The Foundational Principle is intended as a collective promise, reaffirmed annually by farmers, supply chain partners, policymakers, and citizens. It is not a suggestion, but a guiding and verifiable standard.

From Analysis to Actionable Pathways

Together, the SCBA report and the Foundational Principle form the basis for the next phase: moving from words to deeds.

  • Policy and Legislation: Providing a moral foundation for sustainable and future-proof policy.

  • Supply Chain Agreements: Creating new contracts and business models that offer farmers certainty and reward sustainability.

  • Financing: Establishing investment agendas for farmers and supply chains seeking to transition.

  • Transparency: Implementing clear monitoring of costs, benefits, and progress to ensure choices are measurable and accountable.
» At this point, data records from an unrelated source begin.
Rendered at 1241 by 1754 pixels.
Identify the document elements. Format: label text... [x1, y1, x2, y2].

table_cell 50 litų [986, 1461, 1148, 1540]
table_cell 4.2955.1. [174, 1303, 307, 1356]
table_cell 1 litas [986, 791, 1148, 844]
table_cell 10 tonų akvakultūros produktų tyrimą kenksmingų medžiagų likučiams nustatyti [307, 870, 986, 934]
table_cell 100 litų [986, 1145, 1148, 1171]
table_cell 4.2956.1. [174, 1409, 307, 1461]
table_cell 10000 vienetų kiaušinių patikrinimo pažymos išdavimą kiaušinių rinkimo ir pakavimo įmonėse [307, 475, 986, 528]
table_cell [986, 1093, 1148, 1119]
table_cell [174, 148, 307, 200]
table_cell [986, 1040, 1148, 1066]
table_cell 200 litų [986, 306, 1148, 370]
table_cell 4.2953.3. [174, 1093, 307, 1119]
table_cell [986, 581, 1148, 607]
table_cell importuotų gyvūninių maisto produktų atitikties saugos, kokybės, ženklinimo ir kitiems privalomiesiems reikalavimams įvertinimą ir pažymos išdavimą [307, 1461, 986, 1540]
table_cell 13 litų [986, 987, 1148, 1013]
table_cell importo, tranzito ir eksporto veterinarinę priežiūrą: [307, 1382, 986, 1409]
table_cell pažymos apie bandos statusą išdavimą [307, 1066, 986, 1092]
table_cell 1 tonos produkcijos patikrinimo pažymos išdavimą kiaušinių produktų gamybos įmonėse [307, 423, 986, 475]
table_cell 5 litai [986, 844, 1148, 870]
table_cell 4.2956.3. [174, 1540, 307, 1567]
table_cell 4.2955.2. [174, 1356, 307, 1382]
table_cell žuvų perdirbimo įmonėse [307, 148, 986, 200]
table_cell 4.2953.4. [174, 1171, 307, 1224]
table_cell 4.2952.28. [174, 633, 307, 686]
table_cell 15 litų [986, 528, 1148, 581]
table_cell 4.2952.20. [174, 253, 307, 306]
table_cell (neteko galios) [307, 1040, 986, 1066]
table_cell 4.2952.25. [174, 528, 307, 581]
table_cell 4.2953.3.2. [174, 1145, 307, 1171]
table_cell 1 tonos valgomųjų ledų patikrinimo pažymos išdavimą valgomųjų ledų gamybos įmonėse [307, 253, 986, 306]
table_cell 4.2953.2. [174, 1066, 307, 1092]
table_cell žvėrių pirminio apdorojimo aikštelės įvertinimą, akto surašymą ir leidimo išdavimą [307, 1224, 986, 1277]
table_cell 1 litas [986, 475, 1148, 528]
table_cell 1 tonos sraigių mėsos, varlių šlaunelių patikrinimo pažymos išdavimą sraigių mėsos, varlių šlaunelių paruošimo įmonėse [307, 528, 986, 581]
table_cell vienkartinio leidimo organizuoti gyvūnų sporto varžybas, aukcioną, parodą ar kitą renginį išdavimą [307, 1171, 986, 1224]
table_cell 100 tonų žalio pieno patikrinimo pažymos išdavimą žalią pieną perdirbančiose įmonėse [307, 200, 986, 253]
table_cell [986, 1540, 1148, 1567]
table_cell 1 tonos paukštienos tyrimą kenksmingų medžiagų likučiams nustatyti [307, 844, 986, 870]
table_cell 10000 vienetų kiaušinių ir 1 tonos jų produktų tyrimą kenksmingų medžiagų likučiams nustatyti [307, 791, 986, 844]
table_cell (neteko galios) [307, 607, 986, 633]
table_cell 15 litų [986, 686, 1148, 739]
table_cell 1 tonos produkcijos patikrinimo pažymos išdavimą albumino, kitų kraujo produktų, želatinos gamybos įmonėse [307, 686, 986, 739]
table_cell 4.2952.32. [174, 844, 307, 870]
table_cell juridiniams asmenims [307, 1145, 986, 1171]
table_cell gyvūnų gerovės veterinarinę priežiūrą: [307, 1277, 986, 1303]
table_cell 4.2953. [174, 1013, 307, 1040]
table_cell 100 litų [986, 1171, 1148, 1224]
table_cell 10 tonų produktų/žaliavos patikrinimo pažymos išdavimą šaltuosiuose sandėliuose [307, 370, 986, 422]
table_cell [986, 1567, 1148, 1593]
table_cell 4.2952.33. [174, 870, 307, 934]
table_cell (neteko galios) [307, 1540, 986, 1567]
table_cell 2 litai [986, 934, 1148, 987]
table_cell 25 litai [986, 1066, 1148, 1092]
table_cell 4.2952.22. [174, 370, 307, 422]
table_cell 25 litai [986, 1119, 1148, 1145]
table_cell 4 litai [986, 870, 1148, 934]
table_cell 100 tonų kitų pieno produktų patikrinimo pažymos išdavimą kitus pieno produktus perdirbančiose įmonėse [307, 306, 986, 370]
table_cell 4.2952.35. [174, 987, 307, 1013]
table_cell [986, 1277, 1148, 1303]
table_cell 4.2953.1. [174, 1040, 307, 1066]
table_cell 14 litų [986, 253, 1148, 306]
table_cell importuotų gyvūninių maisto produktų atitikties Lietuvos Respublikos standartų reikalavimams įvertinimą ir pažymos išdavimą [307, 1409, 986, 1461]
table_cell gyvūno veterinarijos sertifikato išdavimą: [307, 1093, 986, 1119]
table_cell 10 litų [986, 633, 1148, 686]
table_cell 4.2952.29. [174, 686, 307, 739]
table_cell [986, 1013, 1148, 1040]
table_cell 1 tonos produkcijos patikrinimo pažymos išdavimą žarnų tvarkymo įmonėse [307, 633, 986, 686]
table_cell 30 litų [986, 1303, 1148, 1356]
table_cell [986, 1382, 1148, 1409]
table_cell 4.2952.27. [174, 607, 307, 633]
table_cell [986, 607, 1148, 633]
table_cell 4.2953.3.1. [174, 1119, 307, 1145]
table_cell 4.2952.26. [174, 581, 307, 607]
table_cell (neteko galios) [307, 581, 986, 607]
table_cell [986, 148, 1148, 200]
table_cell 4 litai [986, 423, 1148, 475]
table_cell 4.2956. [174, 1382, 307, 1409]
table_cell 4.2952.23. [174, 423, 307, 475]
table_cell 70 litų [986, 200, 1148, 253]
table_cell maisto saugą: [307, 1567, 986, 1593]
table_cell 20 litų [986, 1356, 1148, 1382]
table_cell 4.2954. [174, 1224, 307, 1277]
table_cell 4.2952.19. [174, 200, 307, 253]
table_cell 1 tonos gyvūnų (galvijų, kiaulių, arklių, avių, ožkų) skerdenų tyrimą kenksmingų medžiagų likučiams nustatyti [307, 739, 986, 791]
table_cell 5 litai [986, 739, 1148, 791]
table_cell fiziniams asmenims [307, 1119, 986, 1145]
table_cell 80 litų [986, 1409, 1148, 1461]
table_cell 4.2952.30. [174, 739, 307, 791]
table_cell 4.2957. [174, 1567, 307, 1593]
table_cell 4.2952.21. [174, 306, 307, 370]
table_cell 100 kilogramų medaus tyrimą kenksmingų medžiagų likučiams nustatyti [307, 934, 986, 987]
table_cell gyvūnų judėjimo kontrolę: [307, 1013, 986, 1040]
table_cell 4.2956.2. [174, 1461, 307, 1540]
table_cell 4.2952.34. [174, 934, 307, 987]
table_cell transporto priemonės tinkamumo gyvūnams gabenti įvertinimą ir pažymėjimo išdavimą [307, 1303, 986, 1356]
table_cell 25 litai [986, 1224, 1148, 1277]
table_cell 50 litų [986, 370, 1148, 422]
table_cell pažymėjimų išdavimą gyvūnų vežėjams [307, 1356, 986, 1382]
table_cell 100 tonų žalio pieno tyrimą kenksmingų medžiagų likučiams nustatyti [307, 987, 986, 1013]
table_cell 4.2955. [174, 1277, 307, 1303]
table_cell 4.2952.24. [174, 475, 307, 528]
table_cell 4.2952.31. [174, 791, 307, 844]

Coalition of the Willing: Building Change Together

We have begun forming a Coalition of the Willing: a broad group of companies, NGOs, government bodies, and financiers who share this sense of urgency and are working together on concrete action. This coalition will translate scenarios and principles into:

  1. Practical Pilots demonstrating new business models and supply chain agreements.

  2. Policy Proposals for fair pricing, environmental impact taxation, and transition support.

  3. Communication Campaigns that highlight both the societal urgency and the pathways for action.

The Outcome

By combining hard data with clear principles, we are building:

  • A widely supported roadmap for a healthy agricultural and food system.

  • Reduced societal costs for nature, climate, and health.

  • New revenue models for farmers and supply chain partners.

  • A solid foundation for future-proof policy and regulation.

The result is an agricultural system that is healthy for farmers, citizens, nature, and future generations.